| EXERCISE DESCRIPTION |
From the line that holds "Order: left to right." to the end of the records, reproduce every line exactly. No pictures.

====== MATERIAL TO PROCESS ======

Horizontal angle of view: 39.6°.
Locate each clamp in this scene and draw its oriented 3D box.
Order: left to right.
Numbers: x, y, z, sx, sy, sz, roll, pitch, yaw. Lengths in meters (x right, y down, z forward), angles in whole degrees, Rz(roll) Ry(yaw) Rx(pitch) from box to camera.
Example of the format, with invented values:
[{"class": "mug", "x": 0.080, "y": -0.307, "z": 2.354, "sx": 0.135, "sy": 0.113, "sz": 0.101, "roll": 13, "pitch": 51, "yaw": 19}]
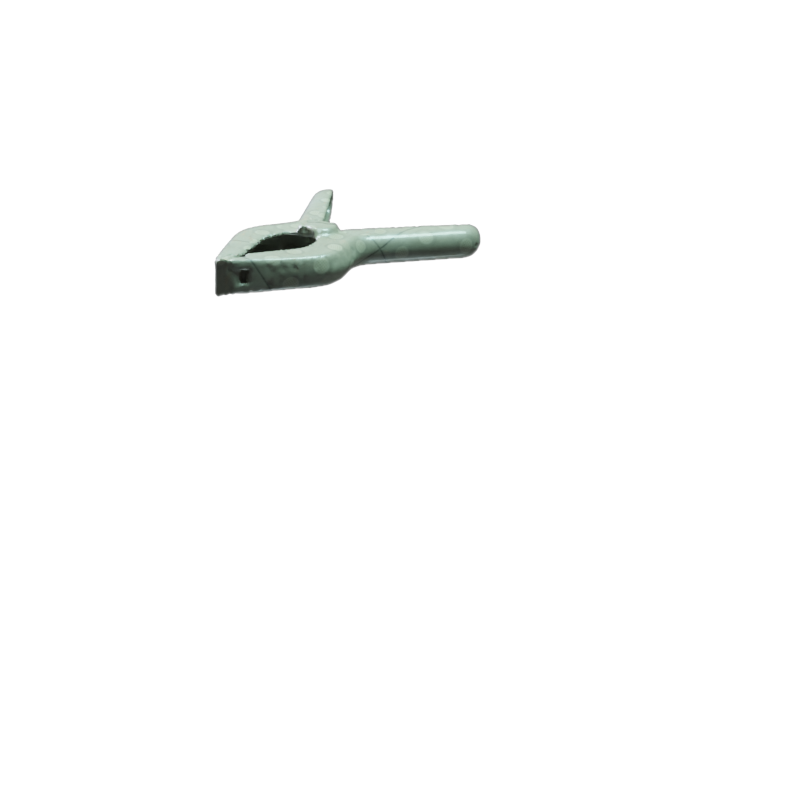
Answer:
[{"class": "clamp", "x": -0.066, "y": -0.121, "z": 0.845, "sx": 0.207, "sy": 0.035, "sz": 0.175, "roll": -21, "pitch": 31, "yaw": -38}]

======

| EXERCISE RESPONSE |
Order: left to right.
Numbers: x, y, z, sx, sy, sz, roll, pitch, yaw. Lengths in meters (x right, y down, z forward), angles in whole degrees, Rz(roll) Ry(yaw) Rx(pitch) from box to camera.
Example of the format, with invented values:
[{"class": "mug", "x": 0.080, "y": -0.307, "z": 2.354, "sx": 0.135, "sy": 0.113, "sz": 0.101, "roll": 13, "pitch": 51, "yaw": 19}]
Answer:
[{"class": "clamp", "x": -0.066, "y": -0.121, "z": 0.845, "sx": 0.207, "sy": 0.035, "sz": 0.175, "roll": -21, "pitch": 31, "yaw": -38}]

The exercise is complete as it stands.